* **Aim of the exercise**
Stopping at the line that holds "#1 small box <box>1175,711,1279,819</box>", repeat the lines below exactly, starting from the very first and including that final line.
Start of Information provided
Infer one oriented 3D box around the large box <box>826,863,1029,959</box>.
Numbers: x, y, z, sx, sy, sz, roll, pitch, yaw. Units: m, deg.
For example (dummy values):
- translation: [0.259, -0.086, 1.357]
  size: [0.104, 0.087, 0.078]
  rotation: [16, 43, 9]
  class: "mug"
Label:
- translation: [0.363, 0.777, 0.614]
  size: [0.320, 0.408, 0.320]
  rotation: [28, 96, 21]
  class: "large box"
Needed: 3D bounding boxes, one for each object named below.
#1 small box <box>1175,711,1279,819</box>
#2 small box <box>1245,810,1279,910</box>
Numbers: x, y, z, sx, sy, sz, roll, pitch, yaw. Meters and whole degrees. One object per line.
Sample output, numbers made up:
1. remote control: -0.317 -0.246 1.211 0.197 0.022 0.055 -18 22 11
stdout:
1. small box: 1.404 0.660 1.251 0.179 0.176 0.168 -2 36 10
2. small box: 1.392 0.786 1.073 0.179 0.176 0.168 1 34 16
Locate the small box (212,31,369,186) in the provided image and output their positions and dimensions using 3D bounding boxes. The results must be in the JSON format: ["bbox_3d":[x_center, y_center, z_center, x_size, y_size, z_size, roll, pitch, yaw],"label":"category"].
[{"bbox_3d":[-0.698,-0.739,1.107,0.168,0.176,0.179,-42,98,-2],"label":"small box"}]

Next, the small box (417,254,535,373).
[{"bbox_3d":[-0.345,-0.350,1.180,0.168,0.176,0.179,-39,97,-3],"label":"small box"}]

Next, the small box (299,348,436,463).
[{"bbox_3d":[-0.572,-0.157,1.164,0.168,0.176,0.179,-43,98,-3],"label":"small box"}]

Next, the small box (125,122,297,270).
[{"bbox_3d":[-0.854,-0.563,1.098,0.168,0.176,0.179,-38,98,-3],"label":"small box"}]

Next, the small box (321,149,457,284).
End of Information provided
* **Reply to the task**
Infer one oriented 3D box around the large box <box>826,863,1029,959</box>.
Numbers: x, y, z, sx, sy, sz, roll, pitch, yaw. Units: m, deg.
For example (dummy values):
- translation: [0.259, -0.086, 1.357]
  size: [0.104, 0.087, 0.078]
  rotation: [16, 43, 9]
  class: "mug"
Label:
- translation: [0.363, 0.777, 0.614]
  size: [0.320, 0.408, 0.320]
  rotation: [28, 96, 21]
  class: "large box"
Needed: 3D bounding boxes, one for each object named below.
#1 small box <box>1175,711,1279,819</box>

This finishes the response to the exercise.